Jakarta, Pemerintah kembali membuka program magang bergaji yang ditujukan untuk lulusan baru atau fresh graduate. Pada Batch II, kuota peserta yang ditargetkan mencapai 80.000 orang, dengan rencana pelaksanaan pada pertengahan November 2025. Program ini merupakan kelanjutan dari Batch I yang telah berjalan sukses dengan total peserta sebanyak 20 ribu orang.
Program ini dirancang untuk memberikan pengalaman kerja awal kepada lulusan perguruan tinggi, baik sarjana maupun diploma, sekaligus membantu mengurangi angka pengangguran di kalangan muda. Setiap peserta akan menerima uang saku sebesar Rp3,3 juta per bulan. Durasi program akan disesuaikan berdasarkan kebutuhan industri dan instansi pemberi kerja.

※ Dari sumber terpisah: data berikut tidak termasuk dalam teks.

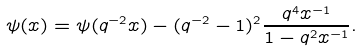<formula> <loc_0><loc_0><loc_500><loc_500>\psi ( x ) = \psi ( q ^ { - 2 } x ) - ( q ^ { - 2 } - 1 ) ^ { 2 } \frac { q ^ { 4 } x ^ { - 1 } } { 1 - q ^ { 2 } x ^ { - 1 } } .</formula>

Kuota Peserta Meningkat Drastis
Menurut Menteri Ketenagakerjaan, Yassierli, jumlah peserta pada Batch II meningkat drastis dibandingkan Batch I. “Batch I memiliki 20 ribu peserta, sedangkan untuk Batch II kita targetkan 80 ribu peserta. Kami harapkan program ini sudah bisa berjalan pada pertengahan November,” kata Yassierli dalam konferensi pers.
Selain itu, pemerintah juga memperluas cakupan pemberi kerja pada Batch II. Tidak hanya perusahaan swasta, tetapi juga melibatkan instansi pemerintah, baik di tingkat pusat maupun daerah. “Kami ingin program ini menjangkau lebih luas, mengikuti arahan Presiden agar peluang tersebar merata di seluruh provinsi,” tambah Yassierli.
Terbuka untuk Sarjana dan Diploma
Program magang Batch II tidak lagi eksklusif untuk lulusan S1. Pemerintah memastikan bahwa lulusan Diploma (D3/D4) juga mendapat ruang untuk ikut berpartisipasi. “Kita buka kesempatan tidak hanya untuk sarjana, tapi juga diploma. Beberapa posisi memang didesain khusus untuk lulusan vokasi,” kata Yassierli.
Banyak Pendaftar dan Mitra Kerja
Kementerian Ketenagakerjaan mencatat hingga saat ini sudah terdapat 105 ribu pendaftar dari target 200 ribu lulusan baru yang ingin mengikuti program magang. Jumlah ini menunjukkan animo tinggi dari masyarakat terhadap program ini.
Selain itu, sudah ada 1.147 perusahaan dan instansi yang terdaftar sebagai mitra penyelenggara magang, dengan berbagai posisi dan bidang yang ditawarkan.
Akan Jadi Program Tahunan
Menariknya, pemerintah tidak hanya merencanakan program ini untuk tahun 2025. Presiden RI telah memberikan arahan agar program magang ini menjadi inisiatif berkelanjutan, bahkan hingga tahun-tahun mendatang. “Presiden sudah memberikan arahan bahwa program ini akan dilanjutkan pada tahun 2026 dan seterusnya,” tutup Yassierli.